What is the survival rate for carcinoma?

"The survival rate of patients with carcinoma is very low in the Korean population. The prognosis of cancer is significantly more poor than that of inpatient patients." - Anonymous Online Contributor

Unverified Answer

What are the latest developments in cisplatin for therapeutic use?

"DDP continues to be a powerful treatment, with the potential to improve patient outcomes and help lower the burden of ovarian cancer. A careful balance of tumour response rate with patient risk factors must be considered. Further investigation is warranted into molecular effects and the potential to improve clinical trials evaluating DDP." - Anonymous Online Contributor

Unverified Answer

Is cisplatin safe for people?

"The use of the current high dose (80 mg/m2) of cisplatin is safe. The use of cisplatin infusion might not be necessary in children>16 years." - Anonymous Online Contributor

Unverified Answer

What are the common side effects of cisplatin?

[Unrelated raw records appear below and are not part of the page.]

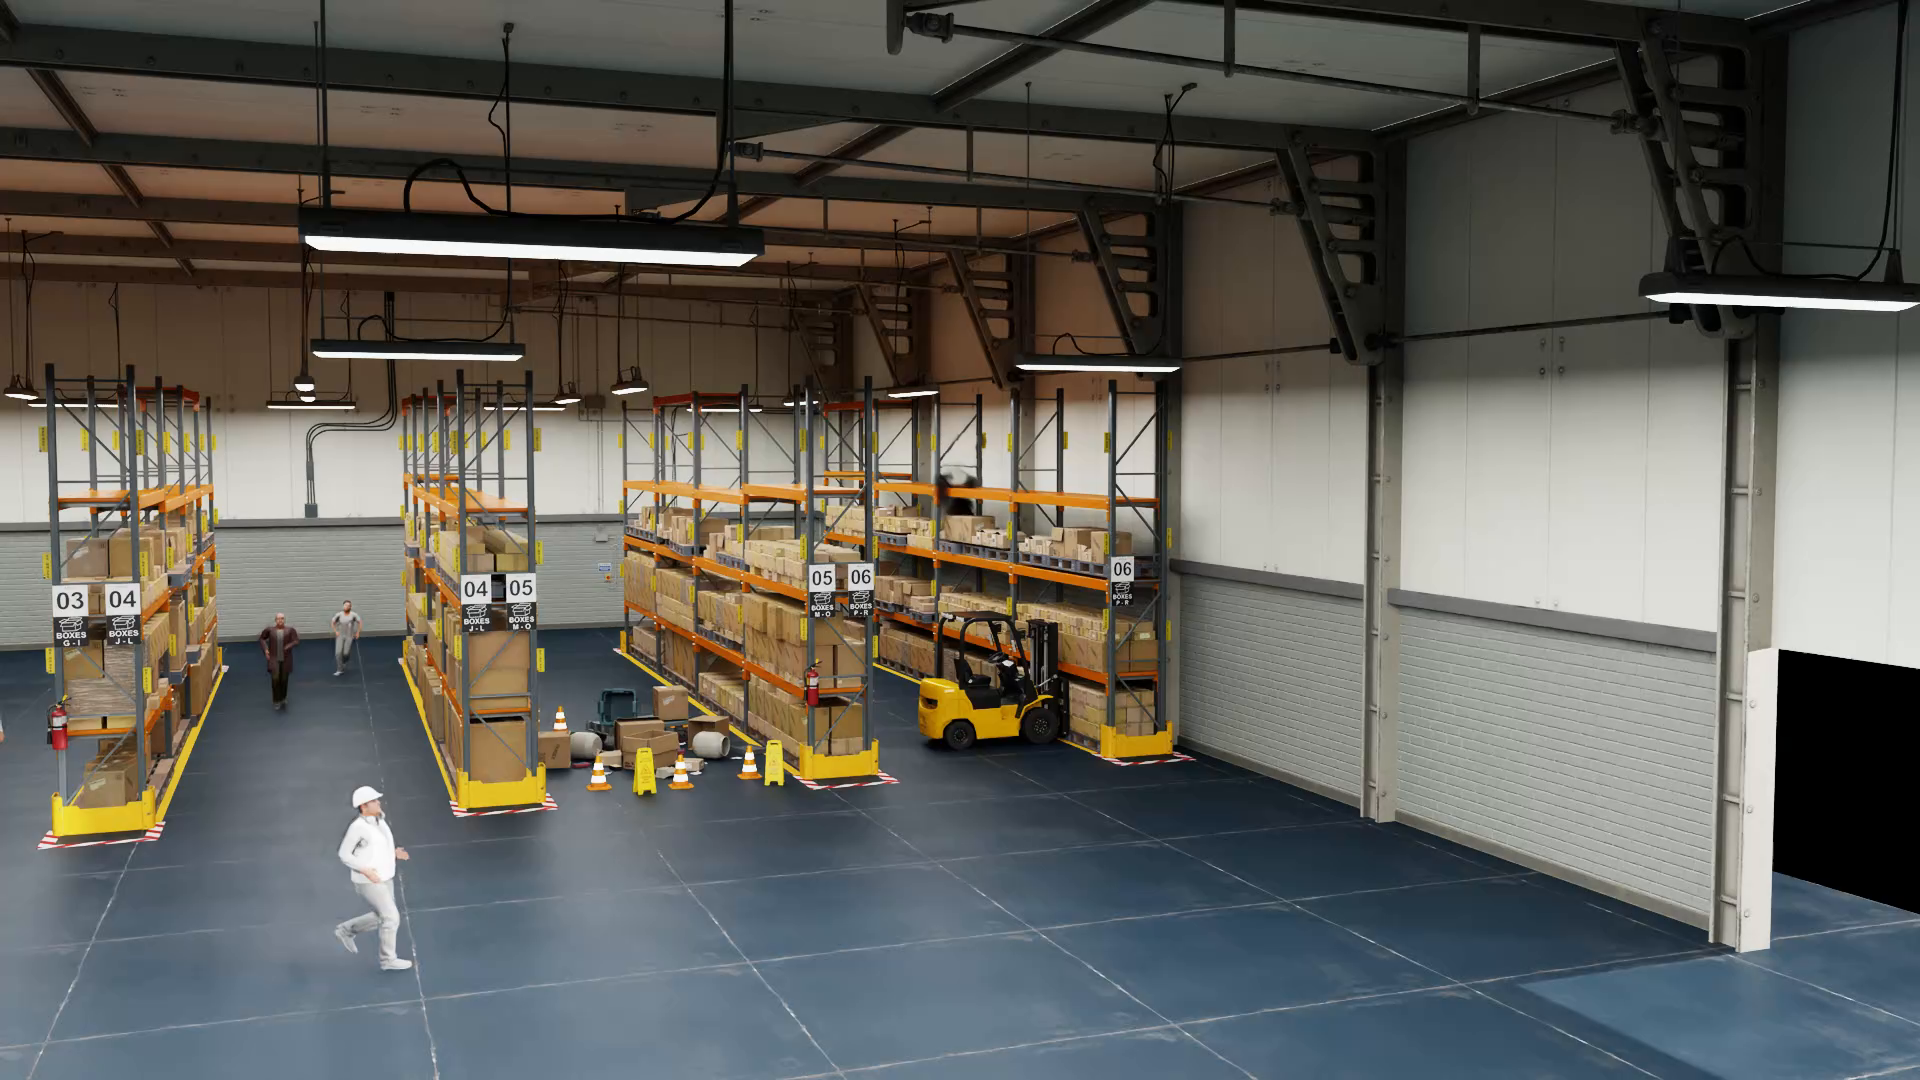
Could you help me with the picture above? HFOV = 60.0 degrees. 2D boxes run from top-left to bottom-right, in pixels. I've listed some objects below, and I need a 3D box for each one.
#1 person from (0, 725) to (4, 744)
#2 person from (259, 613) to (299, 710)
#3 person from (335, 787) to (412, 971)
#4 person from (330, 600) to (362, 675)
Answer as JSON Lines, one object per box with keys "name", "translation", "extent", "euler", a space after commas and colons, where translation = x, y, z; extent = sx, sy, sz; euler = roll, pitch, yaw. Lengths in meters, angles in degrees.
{"name": "person", "translation": [-12.891, 2.861, 21.771], "extent": [0.664, 1.728, 0.624], "euler": [-2, 4, -31]}
{"name": "person", "translation": [-12.820, 2.302, 31.353], "extent": [0.692, 1.847, 0.728], "euler": [-2, 4, -26]}
{"name": "person", "translation": [-5.605, 3.210, 15.800], "extent": [0.803, 1.739, 0.668], "euler": [0, 3, 5]}
{"name": "person", "translation": [-13.270, 2.100, 35.965], "extent": [0.645, 1.615, 0.555], "euler": [-1, 3, -13]}
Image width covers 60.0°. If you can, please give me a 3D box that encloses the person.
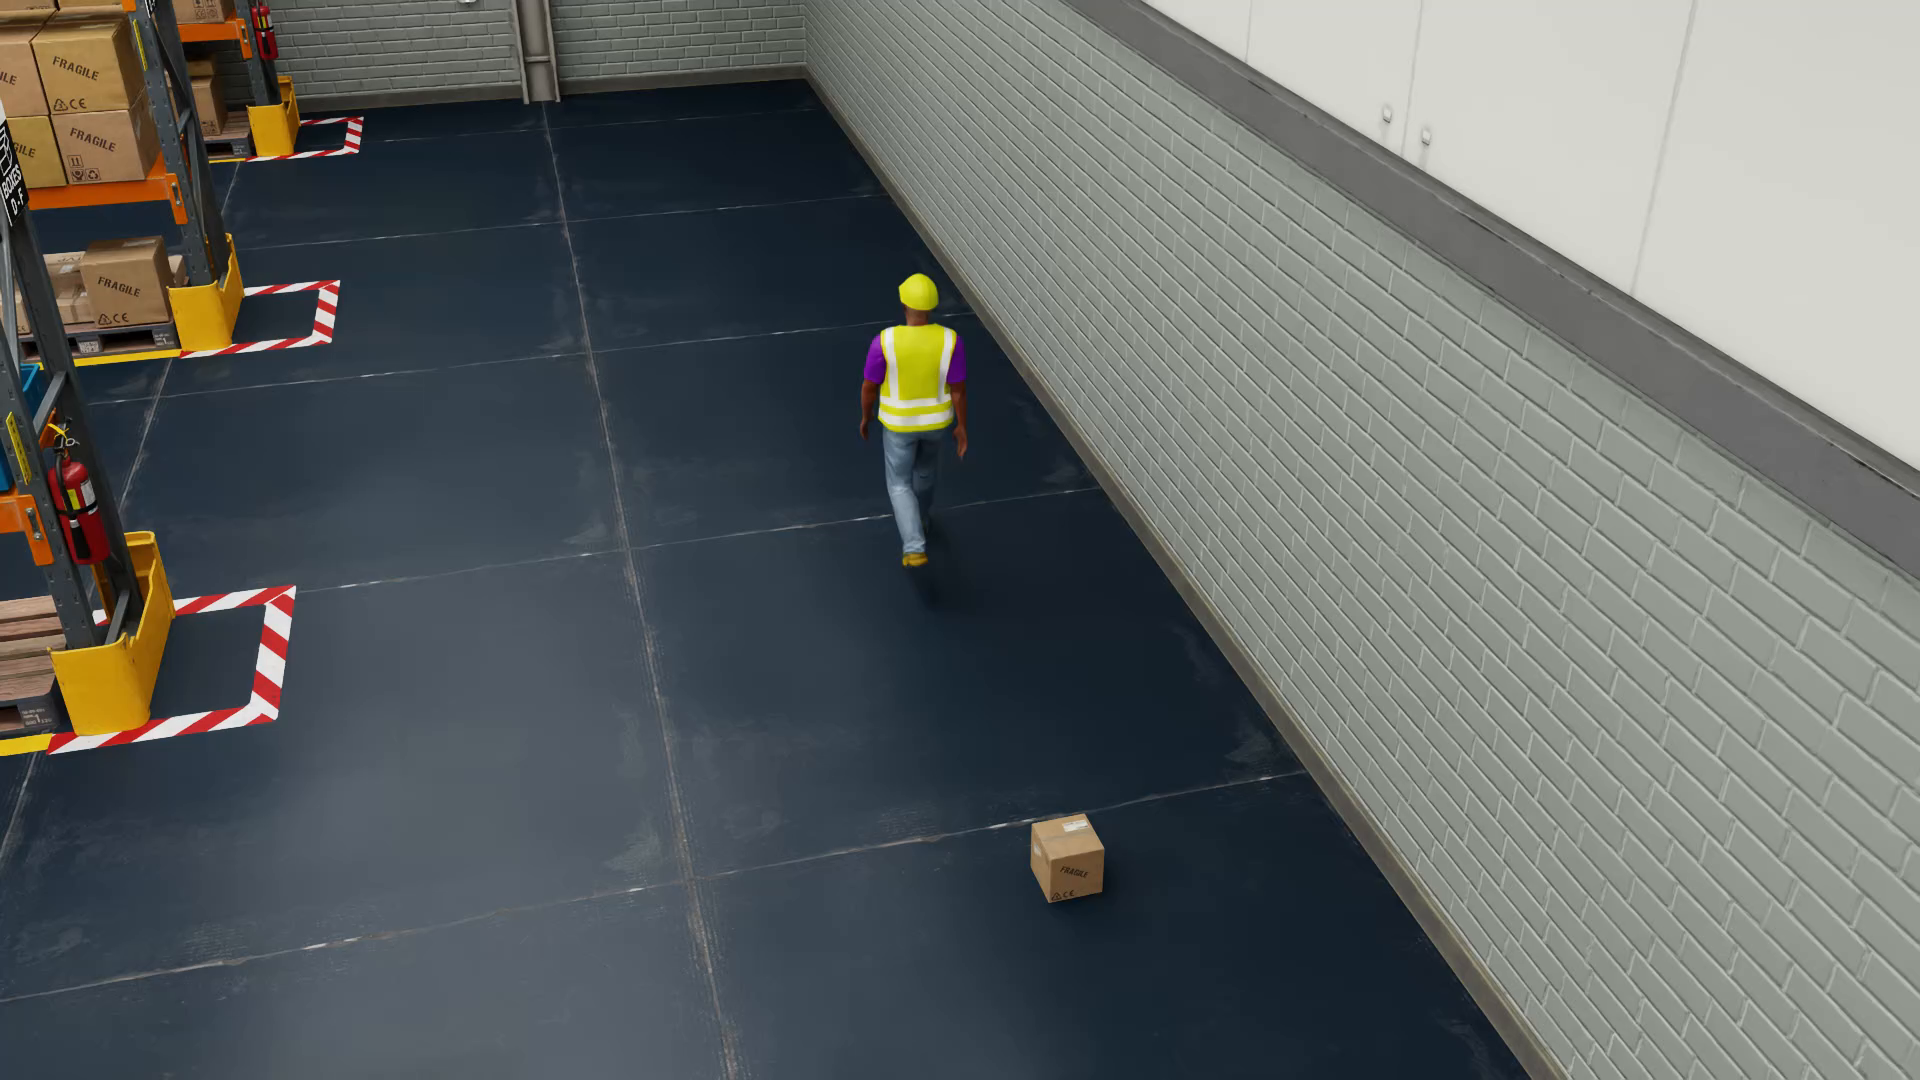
[{"bbox_3d":[-0.262,-0.681,9.387,0.583,1.734,0.945,-6,31,-11],"label":"person"}]

"Cisplatin is an effective anti-cancer drug, but it may present an increased risk of serious adverse events that sometimes require hospitalization or medical treatment. The most common adverse reactions were hemorrhagic cystitis and nephrotoxicity." - Anonymous Online Contributor

Unverified Answer
Please Note: These questions and answers are submitted by anonymous patients, and have not been verified by our internal team.